Portland has also been reworking its land use vision and resulting zoning for districts surrounding the new transit lines and is partnering with property owners on the redevelopment of key sites. South Waterfront is about to experience its second transformation with the expansion of the OHSU campus, new collaboration with Portland State University through the Collaborative Life Sciences Building and upcoming Knight Cancer facilities on former Schnitzer Steel land. Zidell is now in development agreement with the City for the redevelopment of their property as well. Both redevelopments are coming after at least 20 years of redevelopment planning of these former industrial brownfield sites. The light rail project was the linchpin public investment required to produce this long-awaited transformation.
The Central Eastside is equally on the cusp of its own perhaps more startling transformation. Still centered on employment and the value of close-in industry, this area will combine new technology sectors and classic trades to redefine industry for the modern era. Oregon Museum of Science and Industry Is preparing to serve as a science and technology education resource hub through expansion on its transit-adjacent parcels. PCC Climb Center continues to provide training in health industry and small business skills to prepare the next generation of workers. This coming transformation in the Central Eastside also has the potential to bring the silicon forest into urban Portland and to leverage all the attributes that attract and retain the creative class.
This new package of transportation infrastructure connects these institutions and the surrounding districts with seamless light rail, streetcar and bus transit connections and world-class cycling and pedestrian infrastructure. This will help transform Portland’s DNA to support new economic growth. The opening of the Tilikum Crossing on Sept. 12 is not just the opening of one transit line or bridge but an unveiling of the next chapter for Portland. We titled the vision of this remade portion of Portland the “Innovation Quadrant,” a concept grounded in the belief that there is value in connecting Portland’s research and education institutions (OHSU, PSU, OMSI and PCC) with the technology sector and craft trades in the Central Eastside, a connection that can foster the research laboratories and “maker test garages” for innovation. These institutions have now agreed to more formally collaborate to make the vision of an Innovation Quadrant a reality and have begun taking steps to integrate their work. This evolution is essential to maintaining the Portland region’s competitive edge as a top-tier city for the future.

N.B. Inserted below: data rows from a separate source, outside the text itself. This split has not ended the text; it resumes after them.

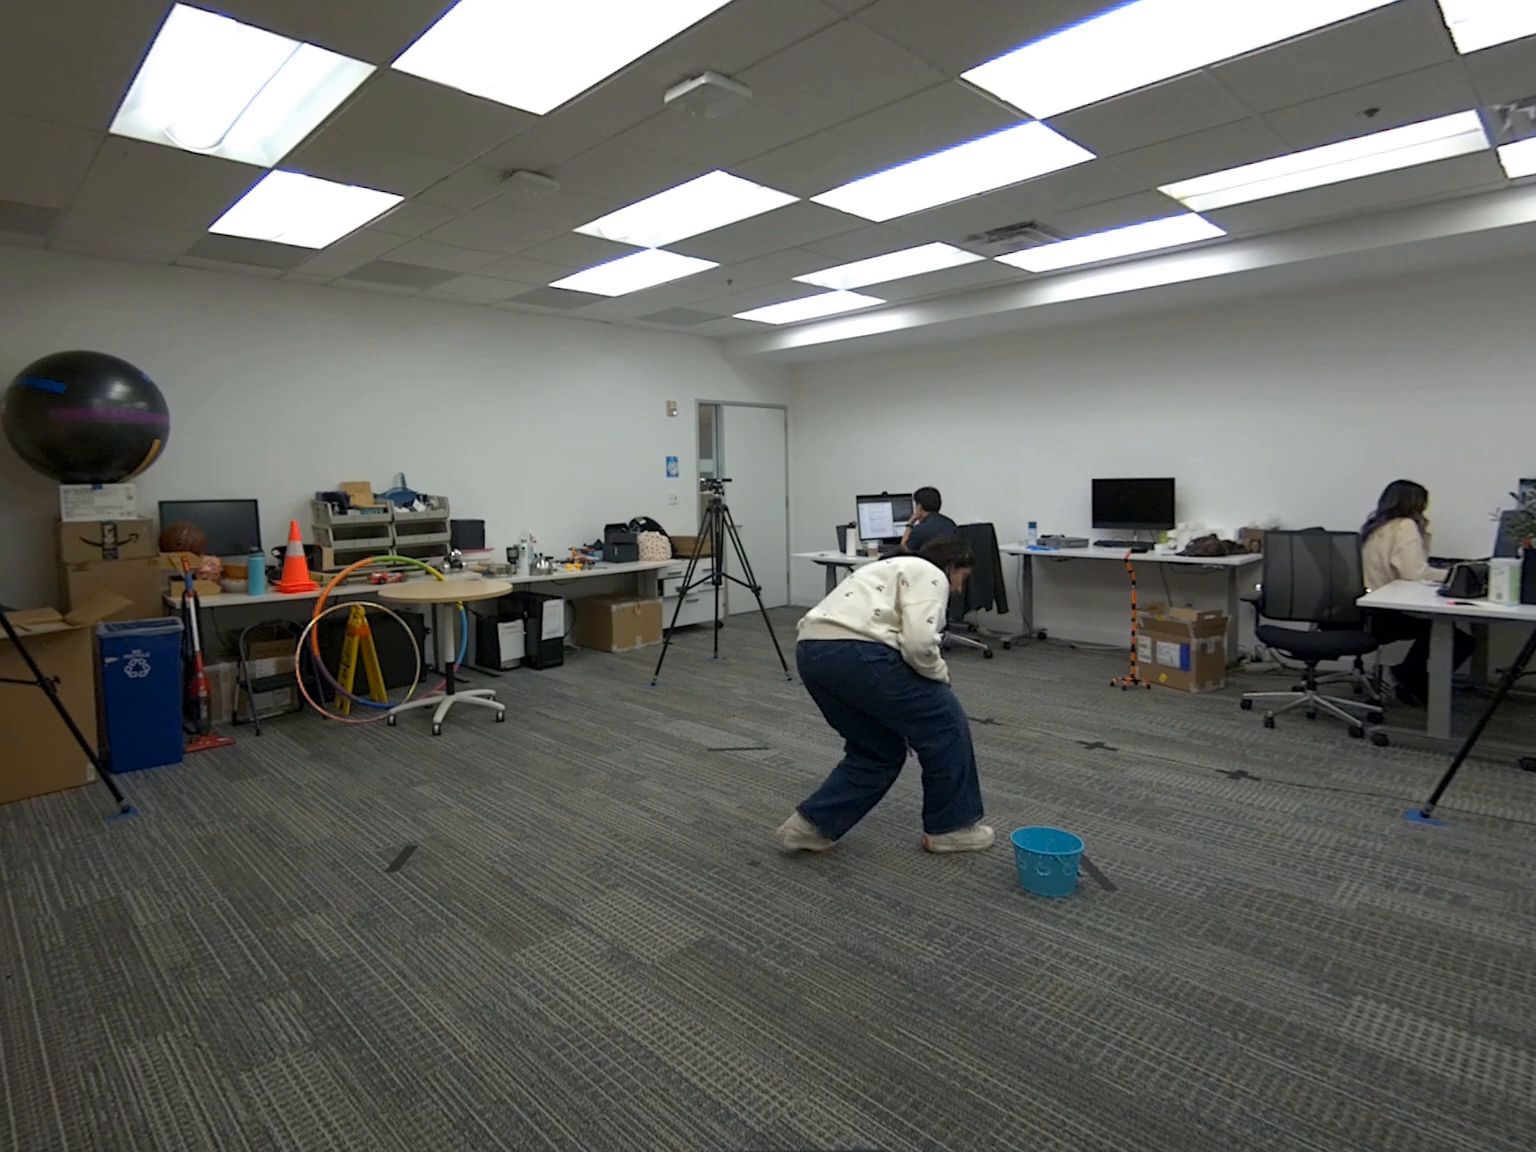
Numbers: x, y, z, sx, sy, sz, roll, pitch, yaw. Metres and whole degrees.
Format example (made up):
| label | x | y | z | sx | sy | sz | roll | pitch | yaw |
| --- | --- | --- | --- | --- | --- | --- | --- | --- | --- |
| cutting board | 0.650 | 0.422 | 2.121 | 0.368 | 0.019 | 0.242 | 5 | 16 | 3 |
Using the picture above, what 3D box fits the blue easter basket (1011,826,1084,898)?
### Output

The countless hours of work by Metro, TriMet, City of Portland, Portland Streetcar and Portland Development Commission staff in developing and following through on this plan (however hard the process can be at times) is testament to the shared vision and the resolve of agency staff and elected officials to shape the future of their City. Equally impressive is the level of participation from community members who volunteered their time to advocate for this investment, attending a sea of night meetings to ensure that the final design of investments followed through on our commitment.
Already we are hearing “What’s next?” Regional partners are rallying to that call on with Southwest Corridor and the Powell-Division Transit and Development Project. However, it is important to remember that the results of our labor in fostering Portland’s Innovation Quadrant have only just begun and will require continued careful nurturing and public investment for years to come.